Desde la patada inicial quedó claro que Seattle había salido a morder. La presión sobre Drake Maye fue constante, asfixiante, y la defensiva dirigida por Mike Macdonald desarticuló cada intento de los Patriots por tomar ritmo. El mariscal de campo nunca encontró comodidad en la bolsa de protección: capturas tempranas, lecturas apresuradas y pases forzados marcaron el guion de un ataque que pasó más tiempo sobreviviendo que construyendo series ofensivas.

La secundaria de los Seahawks cerró espacios, borró receptores y obligó a Maye a prolongar jugadas que terminaban, casi siempre, en golpes detrás de la línea. Con el paso de los minutos, el dominio se volvió físico y mental. La línea defensiva ganó duelos, los apoyadores llegaron a tiempo y la presión se convirtió en un mensaje claro: el trofeo no iba a salir de Seattle.

El golpe definitivo llegó cuando la defensiva coronó su exhibición con una anotación que terminó de romper el ánimo de los Patriots. El estadio explotó, la banca de los Seahawks se encendió y el partido tomó rumbo irreversible. Lo que ya era una ventaja cómoda se transformó en una sentencia.

En ofensiva, Seattle no necesitó fuegos artificiales. Con un juego aéreo intermitente, el peso del ataque recayó en Kenneth Walker III, quien se adueñó del ritmo del partido con carreras pacientes y explosivas. El corredor encontró huecos, castigó por fuera y mantuvo a la defensiva rival en el campo durante lapsos prolongados. Cada avance por tierra era una forma de desgastar, de enfriar cualquier intento de reacción del rival y de acercar a los Seahawks al título.

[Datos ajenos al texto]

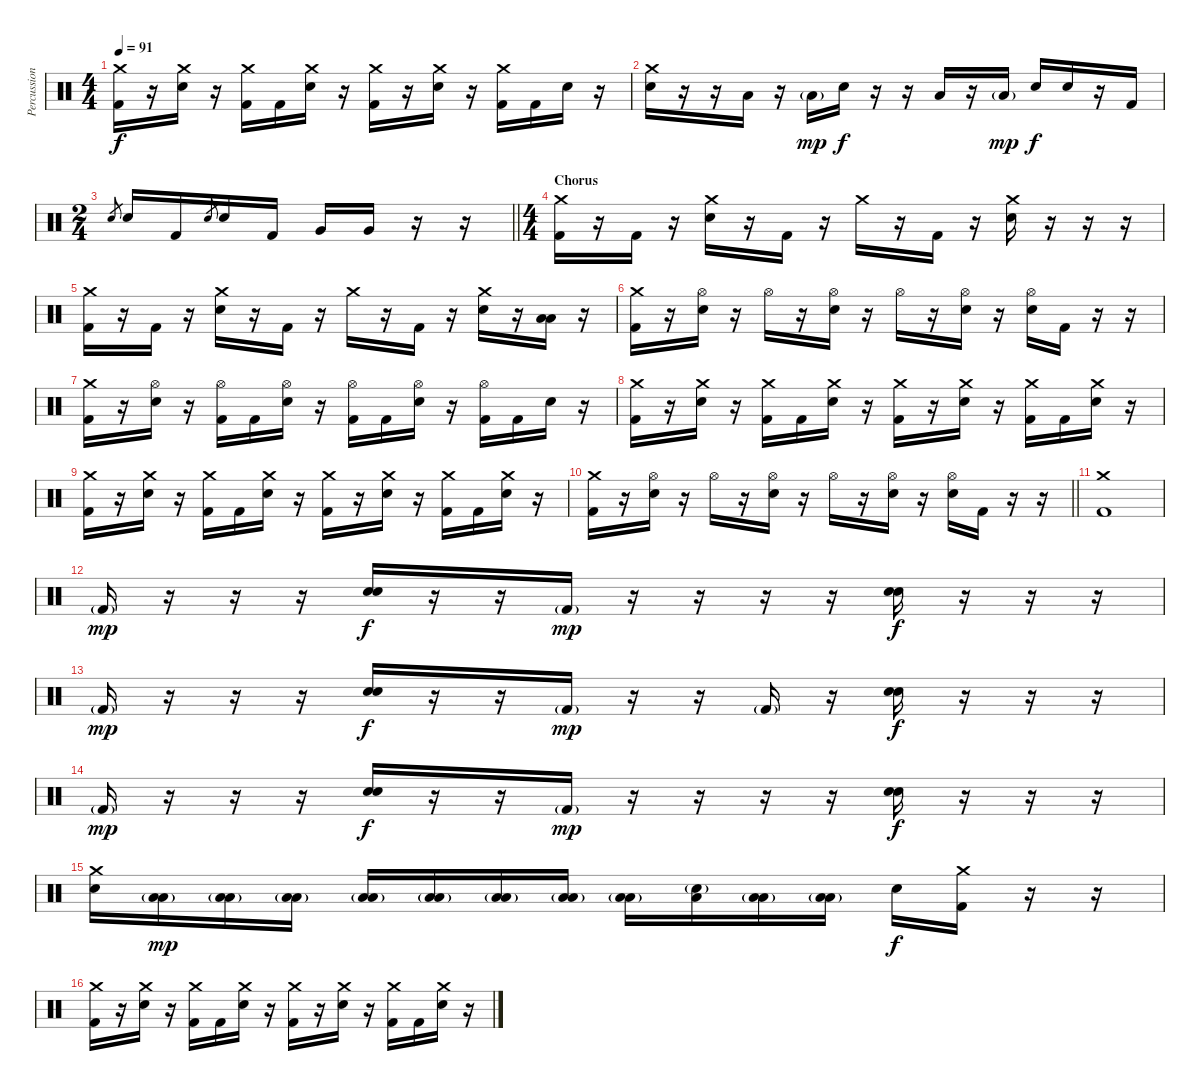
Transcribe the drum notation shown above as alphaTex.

\track ("Percussion" "Percussion") {instrument percussion}
\staff {score}
\articulation defaults
\ts (4 4)
\tempo 91
\clef neutral
\ks c
("Crash medium (hit)" "Kick (hit) 2").16{dy f} r.16 ("Crash medium (hit)" "Electric Snare (hit)").16 r.16 ("Crash medium (hit)" "Kick (hit) 2").16 "Kick (hit) 2".16 ("Crash medium (hit)" "Electric Snare (hit)").16 r.16 ("Crash medium (hit)" "Kick (hit) 2").16 r.16 ("Crash medium (hit)" "Electric Snare (hit)").16 r.16 ("Crash medium (hit)" "Kick (hit) 2").16 "Kick (hit) 2".16 "Electric Snare (hit)".16 r.16 |
("Crash medium (hit)" "Electric Snare (hit)").16 r.16 r.16 "Low Tom (hit)".16 r.16 "Low Tom (hit)"{g}.16{dy mp} "Electric Snare (hit)".16{dy f} r.16 r.16 "Low Tom (hit)".16 r.16 "Low Tom (hit)"{g}.16{dy mp} "Electric Snare (hit)".16{dy f} "Electric Snare (hit)".16 r.16 "Kick (hit) 2".16 |
\ts (2 4)
\barLineRight lightlight "Electric Snare (hit)".8{gr} "Electric Snare (hit)".16 "Kick (hit) 2".16 "Electric Snare (hit)".8{gr} "Electric Snare (hit)".16 "Kick (hit) 2".16 "Very Low Tom (hit)".16 "Very Low Tom (hit)".16
r.16 r.16 |
\ts (4 4)
\section ("" "Chorus")
("Crash medium (hit)" "Kick (hit) 2").16 r.16 "Kick (hit) 2".16 r.16 ("Crash medium (hit)" "Electric Snare (hit)").16 r.16 "Kick (hit) 2".16 r.16 "Crash medium (hit)".16 r.16 "Kick (hit) 2".16 r.16 ("Crash medium (hit)" "Electric Snare (hit)").16 r.16 r.16 r.16 |
("Crash medium (hit)" "Kick (hit) 2").16 r.16 "Kick (hit) 2".16 r.16 ("Crash medium (hit)" "Electric Snare (hit)").16 r.16 "Kick (hit) 2".16 r.16 "Crash medium (hit)".16 r.16 "Kick (hit) 2".16 r.16 ("Crash medium (hit)" "Electric Snare (hit)").16 r.16 ("Low Tom (hit)" "Low Tom (hit)").16 r.16 |
("Crash medium (hit)" "Kick (hit) 2").16 r.16 ("Hi-Hat (open)" "Electric Snare (hit)").16 r.16 "Hi-Hat (open)".16 r.16 ("Hi-Hat (open)" "Electric Snare (hit)").16 r.16 "Hi-Hat (open)".16 r.16 ("Hi-Hat (open)" "Electric Snare (hit)").16 r.16 ("Hi-Hat (open)" "Electric Snare (hit)").16 "Kick (hit) 2".16 r.16 r.16 |
("Crash medium (hit)" "Kick (hit) 2").16 r.16 ("Hi-Hat (open)" "Electric Snare (hit)").16 r.16 ("Hi-Hat (open)" "Kick (hit) 2").16 "Kick (hit) 2".16 ("Hi-Hat (open)" "Electric Snare (hit)").16 r.16 ("Hi-Hat (open)" "Kick (hit) 2").16 "Kick (hit) 2".16 ("Hi-Hat (open)" "Electric Snare (hit)").16 r.16 ("Hi-Hat (open)" "Kick (hit) 2").16 "Kick (hit) 2".16 "Electric Snare (hit)".16 r.16 |
("Crash medium (hit)" "Kick (hit) 2").16 r.16 ("Crash medium (hit)" "Electric Snare (hit)").16 r.16 ("Crash medium (hit)" "Kick (hit) 2").16 "Kick (hit) 2".16 ("Crash medium (hit)" "Electric Snare (hit)").16 r.16 ("Crash medium (hit)" "Kick (hit) 2").16 r.16 ("Crash medium (hit)" "Electric Snare (hit)").16 r.16 ("Crash medium (hit)" "Kick (hit) 2").16 "Kick (hit) 2".16 ("Crash medium (hit)" "Electric Snare (hit)").16 r.16 |
("Crash medium (hit)" "Kick (hit) 2").16 r.16 ("Crash medium (hit)" "Electric Snare (hit)").16 r.16 ("Crash medium (hit)" "Kick (hit) 2").16 "Kick (hit) 2".16 ("Crash medium (hit)" "Electric Snare (hit)").16 r.16 ("Crash medium (hit)" "Kick (hit) 2").16 r.16 ("Crash medium (hit)" "Electric Snare (hit)").16 r.16 ("Crash medium (hit)" "Kick (hit) 2").16 "Kick (hit) 2".16 ("Crash medium (hit)" "Electric Snare (hit)").16 r.16 |
\barLineRight lightlight
("Crash medium (hit)" "Kick (hit) 2").16 r.16 ("Hi-Hat (open)" "Electric Snare (hit)").16 r.16 "Hi-Hat (open)".16 r.16 ("Hi-Hat (open)" "Electric Snare (hit)").16 r.16 "Hi-Hat (open)".16 r.16 ("Hi-Hat (open)" "Electric Snare (hit)").16 r.16 ("Hi-Hat (open)" "Electric Snare (hit)").16 "Kick (hit) 2".16 r.16 r.16 |
("Crash medium (hit)" "Kick (hit) 2").1 |
"Kick (hit) 2"{g}.16{dy mp} r.16 r.16 r.16 ("Hand Clap (hit)" "Hand Clap (hit)").16{dy f} r.16 r.16 "Kick (hit) 2"{g}.16{dy mp} r.16 r.16 r.16 r.16 ("Hand Clap (hit)" "Hand Clap (hit)").16{dy f} r.16 r.16 r.16 |
"Kick (hit) 2"{g}.16{dy mp} r.16 r.16 r.16 ("Hand Clap (hit)" "Hand Clap (hit)").16{dy f} r.16 r.16 "Kick (hit) 2"{g}.16{dy mp} r.16 r.16 "Kick (hit) 2"{g}.16 r.16 ("Hand Clap (hit)" "Hand Clap (hit)").16{dy f} r.16 r.16 r.16 |
"Kick (hit) 2"{g}.16{dy mp} r.16 r.16 r.16 ("Hand Clap (hit)" "Hand Clap (hit)").16{dy f} r.16 r.16 "Kick (hit) 2"{g}.16{dy mp} r.16 r.16 r.16 r.16 ("Hand Clap (hit)" "Hand Clap (hit)").16{dy f} r.16 r.16 r.16 |
("Crash medium (hit)" "Electric Snare (hit)").16 ("Low Floor Tom (hit)"{g} "Low Tom (hit)").16{dy mp} ("Low Floor Tom (hit)"{g} "Low Tom (hit)").16 ("Low Floor Tom (hit)"{g} "Low Tom (hit)").16 ("Low Floor Tom (hit)"{g} "Low Tom (hit)").16 ("Low Floor Tom (hit)"{g} "Low Tom (hit)").16 ("Low Floor Tom (hit)"{g} "Low Tom (hit)").16 ("Low Floor Tom (hit)"{g} "Low Tom (hit)").16 ("Low Floor Tom (hit)"{g} "Low Tom (hit)").16 ("Snare (hit)"{g} "Low Tom (hit)").16 ("Low Floor Tom (hit)"{g} "Low Tom (hit)").16 ("Low Floor Tom (hit)"{g} "Low Tom (hit)").16 "Electric Snare (hit)".16{dy f} ("Crash medium (hit)" "Kick (hit) 2").16 r.16 r.16 |
("Crash medium (hit)" "Kick (hit) 2").16 r.16 ("Crash medium (hit)" "Electric Snare (hit)").16 r.16 ("Crash medium (hit)" "Kick (hit) 2").16 "Kick (hit) 2".16 ("Crash medium (hit)" "Electric Snare (hit)").16 r.16 ("Crash medium (hit)" "Kick (hit) 2").16 r.16 ("Crash medium (hit)" "Electric Snare (hit)").16 r.16 ("Crash medium (hit)" "Kick (hit) 2").16 "Kick (hit) 2".16 ("Crash medium (hit)" "Electric Snare (hit)").16 r.16

Mientras tanto, la defensiva de los Patriots resistió lo que pudo. En la primera mitad logró mantener el marcador apretado, forzando errores y presionando al mariscal de campo rival. Hubo jugadas oportunas en cobertura y golpes a tiempo que evitaron que el juego se rompiera antes del descanso. Sin embargo, el problema estaba del otro lado del balón: la ofensiva de Nueva Inglaterra no respondió. Las series se esfumaron rápido, los primeros y dieces fueron escasos y el equipo se quedó sin oxígeno conforme avanzó el encuentro.

El desenlace terminó de escribirse en el último cuarto. Con el rival ya contra las cuerdas, Seattle administró el reloj, sumó puntos con el pie de Jason Myers y cerró la noche con autoridad. El pateador fue un factor constante, capitalizando cada oportunidad y convirtiéndose en una pieza clave en un duelo donde cada posesión contaba.

Cuando sonó el silbatazo final, el mensaje fue contundente: Seattle no ganó por un destello, sino por imponer su identidad en las tres fases del juego. Defensa dominante, ataque terrestre paciente y equipos especiales eficientes. El Lombardi volvió a teñirse de azul y verde en una noche que confirmó que el campeonato se gana con carácter, colmillo y, sobre todo, con una defensa que sabe convertir la presión en gloria.